CGD in the News

Immigration is Not Charity (Huffington Post)

September 09, 2011

Senior fellow Michael Clemens was mentioned in a Huffington Post article on the benefits of immigration to the U.S. economy.

From the Article

The biggest misconception about immigration is that it is a zero-sum game--that there is a finite number of jobs which immigrants "take" from the native-born and that immigrants consume social services without paying anything in. Several state governments--including Arizona, Alabama, South Carolina, and others--have bought into this myth, enacting measures to address what they perceive as problems arising from undocumented immigration. Yet anti-immigration laws hurt not only immigrants, but native-born Americans as well.

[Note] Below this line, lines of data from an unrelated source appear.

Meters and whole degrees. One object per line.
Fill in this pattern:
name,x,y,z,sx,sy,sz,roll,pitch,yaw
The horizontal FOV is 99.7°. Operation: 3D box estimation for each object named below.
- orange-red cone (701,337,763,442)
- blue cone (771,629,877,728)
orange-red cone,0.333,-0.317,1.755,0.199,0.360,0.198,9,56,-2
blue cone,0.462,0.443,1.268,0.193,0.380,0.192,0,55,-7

Alabama's new immigration law HB 56 clearly hurts employers. Section 15 of the law punishes employers who knowingly or intentionally hire undocumented immigrants. The punishments escalate for each offense. A first offense results in the firing of all undocumented workers, business licenses suspension for 10 working days, and administrative penalties. For a second offense, the Alabama state government will revoke all of the business' licenses and permits for the location where the offense took place. For a third offense, the government permanently revokes all of the business' licenses from all of its locations in the entire state - destroying the business. (That section of HB 56 is called the business death penalty and is based on a similar section of Arizona's anti-immigration law SB 1070 and Legal Arizona Workers Act).

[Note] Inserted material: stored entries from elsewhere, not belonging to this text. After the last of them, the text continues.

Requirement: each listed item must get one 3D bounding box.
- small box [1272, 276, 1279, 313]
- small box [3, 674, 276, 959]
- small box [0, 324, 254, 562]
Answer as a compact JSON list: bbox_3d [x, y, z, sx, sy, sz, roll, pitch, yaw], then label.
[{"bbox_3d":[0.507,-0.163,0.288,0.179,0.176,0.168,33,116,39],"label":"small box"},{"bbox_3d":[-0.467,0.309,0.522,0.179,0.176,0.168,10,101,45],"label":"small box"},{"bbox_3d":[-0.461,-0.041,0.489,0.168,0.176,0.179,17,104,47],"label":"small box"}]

Laws like HB 56 also hurt farmers. Undocumented immigrants are a major source of labor for Alabama's farming industry, which adds more than $5 billion annually to the state GDP. In neighboring Georgia, where lawmakers recently passed a law similar to HB 56, farmers now face severe labor shortages, putting $300 million of planted fruits and vegetables at risk, according to the Georgia Fruit and Vegetable Growers Association. Without access to low-skilled labor, many farmers will stop planting altogether, decrease the acreage under cultivation, or start planting less profitable crops that can be harvested by expensive machinery.